Using Keras ImageDataGeneretor generated the augmentated data:

# Augmentation - rotation & axis shifting
datagen = ImageDataGenerator( 
	rotation_range=10, 
	width_shift_range=0.5, 
	height_shift_range=0.2)

Let’s train!

Training for 30 epochs on our generated letter images to measure accuracy gave the following plot, seemingly converging without much over-fitting:

Now that we got a trained model that can predict with good accuracy the right letters we can get back to our use case.

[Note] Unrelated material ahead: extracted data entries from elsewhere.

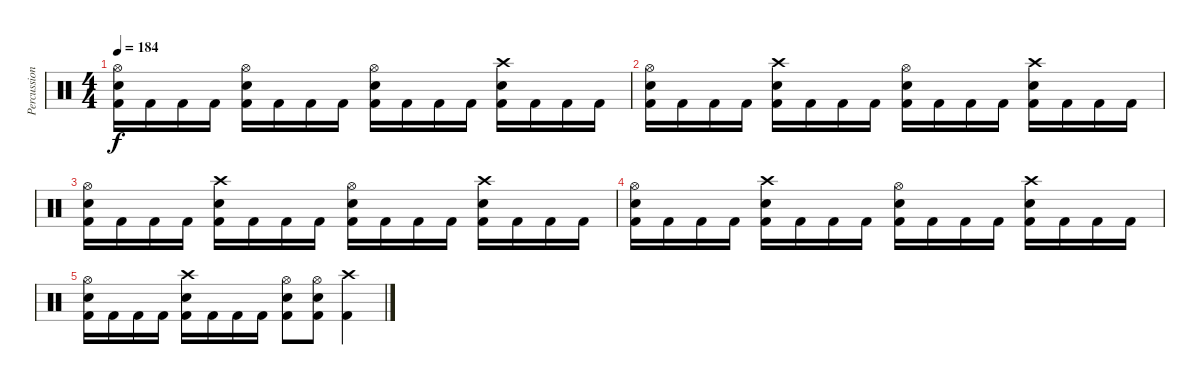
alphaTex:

\track ("Percussion" "Percussion") {instrument percussion}
\staff {score}
\articulation defaults
\ts (4 4)
\tempo 184
\clef neutral
\ks c
("Hi-Hat (open)" "Electric Snare (hit)" "Kick (hit) 2").16{dy f} "Kick (hit) 2".16 "Kick (hit) 2".16 "Kick (hit) 2".16 ("Hi-Hat (open)" "Electric Snare (hit)" "Kick (hit) 2").16 "Kick (hit) 2".16 "Kick (hit) 2".16 "Kick (hit) 2".16 ("Hi-Hat (open)" "Electric Snare (hit)" "Kick (hit) 2").16 "Kick (hit) 2".16 "Kick (hit) 2".16 "Kick (hit) 2".16 ("Crash high (hit)" "Electric Snare (hit)" "Kick (hit) 2").16 "Kick (hit) 2".16 "Kick (hit) 2".16 "Kick (hit) 2".16 |
("Hi-Hat (open)" "Electric Snare (hit)" "Kick (hit) 2").16 "Kick (hit) 2".16 "Kick (hit) 2".16 "Kick (hit) 2".16 ("Crash high (hit)" "Electric Snare (hit)" "Kick (hit) 2").16 "Kick (hit) 2".16 "Kick (hit) 2".16 "Kick (hit) 2".16 ("Hi-Hat (open)" "Electric Snare (hit)" "Kick (hit) 2").16 "Kick (hit) 2".16 "Kick (hit) 2".16 "Kick (hit) 2".16 ("Crash high (hit)" "Electric Snare (hit)" "Kick (hit) 2").16 "Kick (hit) 2".16 "Kick (hit) 2".16 "Kick (hit) 2".16 |
("Hi-Hat (open)" "Electric Snare (hit)" "Kick (hit) 2").16 "Kick (hit) 2".16 "Kick (hit) 2".16 "Kick (hit) 2".16 ("Crash high (hit)" "Electric Snare (hit)" "Kick (hit) 2").16 "Kick (hit) 2".16 "Kick (hit) 2".16 "Kick (hit) 2".16 ("Hi-Hat (open)" "Electric Snare (hit)" "Kick (hit) 2").16 "Kick (hit) 2".16 "Kick (hit) 2".16 "Kick (hit) 2".16 ("Crash high (hit)" "Electric Snare (hit)" "Kick (hit) 2").16 "Kick (hit) 2".16 "Kick (hit) 2".16 "Kick (hit) 2".16 |
("Hi-Hat (open)" "Electric Snare (hit)" "Kick (hit) 2").16 "Kick (hit) 2".16 "Kick (hit) 2".16 "Kick (hit) 2".16 ("Crash high (hit)" "Electric Snare (hit)" "Kick (hit) 2").16 "Kick (hit) 2".16 "Kick (hit) 2".16 "Kick (hit) 2".16 ("Hi-Hat (open)" "Electric Snare (hit)" "Kick (hit) 2").16 "Kick (hit) 2".16 "Kick (hit) 2".16 "Kick (hit) 2".16 ("Crash high (hit)" "Electric Snare (hit)" "Kick (hit) 2").16 "Kick (hit) 2".16 "Kick (hit) 2".16 "Kick (hit) 2".16 |
("Hi-Hat (open)" "Electric Snare (hit)" "Kick (hit) 2").16 "Kick (hit) 2".16 "Kick (hit) 2".16 "Kick (hit) 2".16 ("Crash high (hit)" "Electric Snare (hit)" "Kick (hit) 2").16 "Kick (hit) 2".16 "Kick (hit) 2".16 "Kick (hit) 2".16 ("Hi-Hat (open)" "Electric Snare (hit)" "Kick (hit) 2").8 ("Hi-Hat (open)" "Electric Snare (hit)" "Kick (hit) 2").8 ("Crash high (hit)" "Kick (hit) 2").4

Back to our use case: breaking captchas

Our captchas consist of 6 letters, so in order to detect the letters we will have to split the image into 6 parts where each part contains a letter:

numOfLetters = 6

img = cv2.imread(imgPath, cv2.IMREAD_GRAYSCALE)

im = 255-img

imgs = np.zeros((numOfLetters, 1, 32, 32), dtype=np.uint8)
t = np.floor(im.shape[1] / float(numOfLetters))
bb = np.zeros((im.shape[0], 0), dtype=np.uint8) + 255

im1 = im.transpose()[0:int(np.floor(t))].transpose()
imgs[0, 0] = cv2.resize(np.concatenate((im1, bb), axis=1), (32, 32))
for i in range(1,numOfLetters-1):
	from_pix = int(np.floor(i*t))
	to_pix = int(np.floor((i+1)*t))
	imi = im.transpose()[from_pix:to_pix].transpose()
	imgs[i, 0] = cv2.resize(imi, (32, 32))

im_end = im.transpose()[int(np.floor((numOfLetters-1) * t)):].transpose()
imgs[numOfLetters-1, 0] = cv2.resize(np.concatenate((im_end, bb), axis=1), (32, 32))
 
fig, ax = plt.subplots(1,numOfLetters,figsize=(10,10))
for i in range(0,numOfLetters):
	ax[i].imshow(imgs[i,0])
plt.show()
 
imgs = imgs.astype('float32') / 255.0
classes = model.predict_classes(imgs, verbose=0)
result = []
for c in classes:
	result.append(self.letters[c])

prediction = ''.join(result).upper()

print("Prediction: "+ prediction)

Looks promising!

Out of 10 labeled captcha’s we got 5 correct, that’s pretty good but let’s improve that. Splitting the captcha into 6 parts worked well on some captchas and not so well on others:
The above image shows us that the model mistakenly thought that W was M. It seems that it has also mistaken between the pairs (C,G) and (B,P). All of those pairs indeed look similar, so in order solve this we will just make more of those letters!
As we said before ImageDataGenerator allows real time augmentation, therefore it is possible to change the parameters of the generator after we train. So in order to improve the model we changed the parameters via grid search method and trained again:

datagen = ImageDataGenerator( 
	rotation_range=20, 
	width_shift_range=0.5, 
	height_shift_range=0.7)

Now we got 90% accuracy!

Note: solving this task didn’t require any data labeling procedure. Applying the “letters trick” along with the data augmentation process has been sufficient. How easy is that? (:

Thank you for reading!

Deep Solutions wishes you a great deep day!